When you copy the entries, keep every word exactly as it stands.

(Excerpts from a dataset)
★ ★ ★ ★

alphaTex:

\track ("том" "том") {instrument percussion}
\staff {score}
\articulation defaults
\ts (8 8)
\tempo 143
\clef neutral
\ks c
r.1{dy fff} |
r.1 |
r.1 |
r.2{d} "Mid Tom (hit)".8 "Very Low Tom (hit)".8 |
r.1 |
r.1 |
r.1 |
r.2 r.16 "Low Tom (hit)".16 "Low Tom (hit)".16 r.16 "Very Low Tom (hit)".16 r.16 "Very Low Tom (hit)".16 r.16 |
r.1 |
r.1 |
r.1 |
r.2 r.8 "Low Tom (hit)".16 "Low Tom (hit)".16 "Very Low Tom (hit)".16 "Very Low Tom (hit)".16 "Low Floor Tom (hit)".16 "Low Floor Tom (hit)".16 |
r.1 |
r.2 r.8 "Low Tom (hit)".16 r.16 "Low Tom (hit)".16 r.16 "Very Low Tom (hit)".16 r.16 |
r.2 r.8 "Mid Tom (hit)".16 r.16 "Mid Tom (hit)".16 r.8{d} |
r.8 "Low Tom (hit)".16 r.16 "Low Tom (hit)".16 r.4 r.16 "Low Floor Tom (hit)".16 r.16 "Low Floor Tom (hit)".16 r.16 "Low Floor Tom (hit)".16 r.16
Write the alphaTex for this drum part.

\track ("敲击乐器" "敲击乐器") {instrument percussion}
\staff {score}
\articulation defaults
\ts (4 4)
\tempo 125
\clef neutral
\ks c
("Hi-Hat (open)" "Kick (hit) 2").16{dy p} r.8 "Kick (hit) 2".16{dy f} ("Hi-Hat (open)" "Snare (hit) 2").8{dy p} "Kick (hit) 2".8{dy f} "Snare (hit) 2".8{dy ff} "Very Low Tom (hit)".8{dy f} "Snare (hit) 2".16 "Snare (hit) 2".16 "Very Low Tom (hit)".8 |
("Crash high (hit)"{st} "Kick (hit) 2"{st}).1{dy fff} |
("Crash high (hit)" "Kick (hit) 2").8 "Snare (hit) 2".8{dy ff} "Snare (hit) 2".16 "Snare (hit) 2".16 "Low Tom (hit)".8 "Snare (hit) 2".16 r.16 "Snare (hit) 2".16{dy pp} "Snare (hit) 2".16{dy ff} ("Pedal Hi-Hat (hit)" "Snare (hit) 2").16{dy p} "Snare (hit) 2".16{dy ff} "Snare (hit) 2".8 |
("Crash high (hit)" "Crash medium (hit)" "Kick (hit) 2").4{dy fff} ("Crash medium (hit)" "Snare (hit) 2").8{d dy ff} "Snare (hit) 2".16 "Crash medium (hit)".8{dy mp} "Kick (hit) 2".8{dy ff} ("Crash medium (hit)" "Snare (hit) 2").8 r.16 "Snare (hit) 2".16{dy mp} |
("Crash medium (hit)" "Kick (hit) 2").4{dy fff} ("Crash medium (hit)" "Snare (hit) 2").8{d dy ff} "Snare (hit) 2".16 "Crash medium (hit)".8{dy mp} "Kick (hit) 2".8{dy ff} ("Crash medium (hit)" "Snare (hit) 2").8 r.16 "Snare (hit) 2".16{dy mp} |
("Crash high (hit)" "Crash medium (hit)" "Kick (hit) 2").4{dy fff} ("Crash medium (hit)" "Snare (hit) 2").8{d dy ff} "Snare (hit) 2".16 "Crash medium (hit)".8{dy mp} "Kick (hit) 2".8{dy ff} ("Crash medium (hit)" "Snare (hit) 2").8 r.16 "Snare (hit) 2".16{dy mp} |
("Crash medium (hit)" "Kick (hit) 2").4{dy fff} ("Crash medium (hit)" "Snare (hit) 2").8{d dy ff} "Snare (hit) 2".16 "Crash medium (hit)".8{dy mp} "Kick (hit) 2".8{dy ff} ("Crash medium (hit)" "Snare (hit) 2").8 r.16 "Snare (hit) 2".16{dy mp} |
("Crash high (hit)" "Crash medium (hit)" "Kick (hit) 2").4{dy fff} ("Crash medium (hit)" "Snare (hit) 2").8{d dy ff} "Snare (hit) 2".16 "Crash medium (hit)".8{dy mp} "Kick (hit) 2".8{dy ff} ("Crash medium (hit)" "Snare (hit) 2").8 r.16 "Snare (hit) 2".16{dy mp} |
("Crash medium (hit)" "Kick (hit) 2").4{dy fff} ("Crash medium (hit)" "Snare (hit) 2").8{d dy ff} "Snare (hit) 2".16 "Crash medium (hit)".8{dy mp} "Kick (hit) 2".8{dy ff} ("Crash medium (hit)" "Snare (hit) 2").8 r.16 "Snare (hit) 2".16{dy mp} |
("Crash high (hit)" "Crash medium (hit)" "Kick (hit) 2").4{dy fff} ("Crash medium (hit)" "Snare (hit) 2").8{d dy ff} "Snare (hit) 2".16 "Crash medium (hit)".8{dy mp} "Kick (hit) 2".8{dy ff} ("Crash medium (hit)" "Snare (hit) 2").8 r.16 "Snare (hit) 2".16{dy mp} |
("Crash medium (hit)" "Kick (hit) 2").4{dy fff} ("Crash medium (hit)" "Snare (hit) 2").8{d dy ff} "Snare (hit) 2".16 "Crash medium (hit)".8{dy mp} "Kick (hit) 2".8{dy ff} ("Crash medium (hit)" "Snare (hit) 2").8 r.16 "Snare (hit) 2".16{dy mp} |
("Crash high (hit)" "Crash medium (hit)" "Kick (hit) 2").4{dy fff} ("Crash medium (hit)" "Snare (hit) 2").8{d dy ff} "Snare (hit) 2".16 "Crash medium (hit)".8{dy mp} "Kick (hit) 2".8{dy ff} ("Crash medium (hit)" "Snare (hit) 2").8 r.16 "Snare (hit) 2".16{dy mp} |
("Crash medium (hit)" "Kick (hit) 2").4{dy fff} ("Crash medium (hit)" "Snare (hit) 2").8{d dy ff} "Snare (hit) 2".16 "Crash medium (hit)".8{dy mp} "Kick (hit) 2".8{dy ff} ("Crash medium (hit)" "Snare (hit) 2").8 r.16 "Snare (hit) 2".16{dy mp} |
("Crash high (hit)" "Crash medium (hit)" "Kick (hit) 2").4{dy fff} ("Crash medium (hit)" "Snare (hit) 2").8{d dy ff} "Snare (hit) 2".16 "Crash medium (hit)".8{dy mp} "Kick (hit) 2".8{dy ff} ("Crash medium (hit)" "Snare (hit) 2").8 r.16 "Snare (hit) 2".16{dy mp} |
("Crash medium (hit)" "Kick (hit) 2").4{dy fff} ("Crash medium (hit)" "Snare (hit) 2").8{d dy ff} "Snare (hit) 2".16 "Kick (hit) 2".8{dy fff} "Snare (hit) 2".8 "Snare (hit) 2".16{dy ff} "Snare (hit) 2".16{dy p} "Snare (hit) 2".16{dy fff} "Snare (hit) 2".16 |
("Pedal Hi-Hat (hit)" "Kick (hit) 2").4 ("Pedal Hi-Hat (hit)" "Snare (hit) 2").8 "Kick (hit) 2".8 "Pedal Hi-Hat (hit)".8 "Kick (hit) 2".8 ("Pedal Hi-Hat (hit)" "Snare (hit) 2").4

★ ★ ★ ★

*Result of this exercise*:
alphaTex:

\track ("том" "том") {instrument percussion}
\staff {score}
\articulation defaults
\ts (8 8)
\tempo 143
\clef neutral
\ks c
r.1{dy fff} |
r.1 |
r.1 |
r.2{d} "Mid Tom (hit)".8 "Very Low Tom (hit)".8 |
r.1 |
r.1 |
r.1 |
r.2 r.16 "Low Tom (hit)".16 "Low Tom (hit)".16 r.16 "Very Low Tom (hit)".16 r.16 "Very Low Tom (hit)".16 r.16 |
r.1 |
r.1 |
r.1 |
r.2 r.8 "Low Tom (hit)".16 "Low Tom (hit)".16 "Very Low Tom (hit)".16 "Very Low Tom (hit)".16 "Low Floor Tom (hit)".16 "Low Floor Tom (hit)".16 |
r.1 |
r.2 r.8 "Low Tom (hit)".16 r.16 "Low Tom (hit)".16 r.16 "Very Low Tom (hit)".16 r.16 |
r.2 r.8 "Mid Tom (hit)".16 r.16 "Mid Tom (hit)".16 r.8{d} |
r.8 "Low Tom (hit)".16 r.16 "Low Tom (hit)".16 r.4 r.16 "Low Floor Tom (hit)".16 r.16 "Low Floor Tom (hit)".16 r.16 "Low Floor Tom (hit)".16 r.16
Write the alphaTex for this drum part.

\track ("敲击乐器" "敲击乐器") {instrument percussion}
\staff {score}
\articulation defaults
\ts (4 4)
\tempo 125
\clef neutral
\ks c
("Hi-Hat (open)" "Kick (hit) 2").16{dy p} r.8 "Kick (hit) 2".16{dy f} ("Hi-Hat (open)" "Snare (hit) 2").8{dy p} "Kick (hit) 2".8{dy f} "Snare (hit) 2".8{dy ff} "Very Low Tom (hit)".8{dy f} "Snare (hit) 2".16 "Snare (hit) 2".16 "Very Low Tom (hit)".8 |
("Crash high (hit)"{st} "Kick (hit) 2"{st}).1{dy fff} |
("Crash high (hit)" "Kick (hit) 2").8 "Snare (hit) 2".8{dy ff} "Snare (hit) 2".16 "Snare (hit) 2".16 "Low Tom (hit)".8 "Snare (hit) 2".16 r.16 "Snare (hit) 2".16{dy pp} "Snare (hit) 2".16{dy ff} ("Pedal Hi-Hat (hit)" "Snare (hit) 2").16{dy p} "Snare (hit) 2".16{dy ff} "Snare (hit) 2".8 |
("Crash high (hit)" "Crash medium (hit)" "Kick (hit) 2").4{dy fff} ("Crash medium (hit)" "Snare (hit) 2").8{d dy ff} "Snare (hit) 2".16 "Crash medium (hit)".8{dy mp} "Kick (hit) 2".8{dy ff} ("Crash medium (hit)" "Snare (hit) 2").8 r.16 "Snare (hit) 2".16{dy mp} |
("Crash medium (hit)" "Kick (hit) 2").4{dy fff} ("Crash medium (hit)" "Snare (hit) 2").8{d dy ff} "Snare (hit) 2".16 "Crash medium (hit)".8{dy mp} "Kick (hit) 2".8{dy ff} ("Crash medium (hit)" "Snare (hit) 2").8 r.16 "Snare (hit) 2".16{dy mp} |
("Crash high (hit)" "Crash medium (hit)" "Kick (hit) 2").4{dy fff} ("Crash medium (hit)" "Snare (hit) 2").8{d dy ff} "Snare (hit) 2".16 "Crash medium (hit)".8{dy mp} "Kick (hit) 2".8{dy ff} ("Crash medium (hit)" "Snare (hit) 2").8 r.16 "Snare (hit) 2".16{dy mp} |
("Crash medium (hit)" "Kick (hit) 2").4{dy fff} ("Crash medium (hit)" "Snare (hit) 2").8{d dy ff} "Snare (hit) 2".16 "Crash medium (hit)".8{dy mp} "Kick (hit) 2".8{dy ff} ("Crash medium (hit)" "Snare (hit) 2").8 r.16 "Snare (hit) 2".16{dy mp} |
("Crash high (hit)" "Crash medium (hit)" "Kick (hit) 2").4{dy fff} ("Crash medium (hit)" "Snare (hit) 2").8{d dy ff} "Snare (hit) 2".16 "Crash medium (hit)".8{dy mp} "Kick (hit) 2".8{dy ff} ("Crash medium (hit)" "Snare (hit) 2").8 r.16 "Snare (hit) 2".16{dy mp} |
("Crash medium (hit)" "Kick (hit) 2").4{dy fff} ("Crash medium (hit)" "Snare (hit) 2").8{d dy ff} "Snare (hit) 2".16 "Crash medium (hit)".8{dy mp} "Kick (hit) 2".8{dy ff} ("Crash medium (hit)" "Snare (hit) 2").8 r.16 "Snare (hit) 2".16{dy mp} |
("Crash high (hit)" "Crash medium (hit)" "Kick (hit) 2").4{dy fff} ("Crash medium (hit)" "Snare (hit) 2").8{d dy ff} "Snare (hit) 2".16 "Crash medium (hit)".8{dy mp} "Kick (hit) 2".8{dy ff} ("Crash medium (hit)" "Snare (hit) 2").8 r.16 "Snare (hit) 2".16{dy mp} |
("Crash medium (hit)" "Kick (hit) 2").4{dy fff} ("Crash medium (hit)" "Snare (hit) 2").8{d dy ff} "Snare (hit) 2".16 "Crash medium (hit)".8{dy mp} "Kick (hit) 2".8{dy ff} ("Crash medium (hit)" "Snare (hit) 2").8 r.16 "Snare (hit) 2".16{dy mp} |
("Crash high (hit)" "Crash medium (hit)" "Kick (hit) 2").4{dy fff} ("Crash medium (hit)" "Snare (hit) 2").8{d dy ff} "Snare (hit) 2".16 "Crash medium (hit)".8{dy mp} "Kick (hit) 2".8{dy ff} ("Crash medium (hit)" "Snare (hit) 2").8 r.16 "Snare (hit) 2".16{dy mp} |
("Crash medium (hit)" "Kick (hit) 2").4{dy fff} ("Crash medium (hit)" "Snare (hit) 2").8{d dy ff} "Snare (hit) 2".16 "Crash medium (hit)".8{dy mp} "Kick (hit) 2".8{dy ff} ("Crash medium (hit)" "Snare (hit) 2").8 r.16 "Snare (hit) 2".16{dy mp} |
("Crash high (hit)" "Crash medium (hit)" "Kick (hit) 2").4{dy fff} ("Crash medium (hit)" "Snare (hit) 2").8{d dy ff} "Snare (hit) 2".16 "Crash medium (hit)".8{dy mp} "Kick (hit) 2".8{dy ff} ("Crash medium (hit)" "Snare (hit) 2").8 r.16 "Snare (hit) 2".16{dy mp} |
("Crash medium (hit)" "Kick (hit) 2").4{dy fff} ("Crash medium (hit)" "Snare (hit) 2").8{d dy ff} "Snare (hit) 2".16 "Kick (hit) 2".8{dy fff} "Snare (hit) 2".8 "Snare (hit) 2".16{dy ff} "Snare (hit) 2".16{dy p} "Snare (hit) 2".16{dy fff} "Snare (hit) 2".16 |
("Pedal Hi-Hat (hit)" "Kick (hit) 2").4 ("Pedal Hi-Hat (hit)" "Snare (hit) 2").8 "Kick (hit) 2".8 "Pedal Hi-Hat (hit)".8 "Kick (hit) 2".8 ("Pedal Hi-Hat (hit)" "Snare (hit) 2").4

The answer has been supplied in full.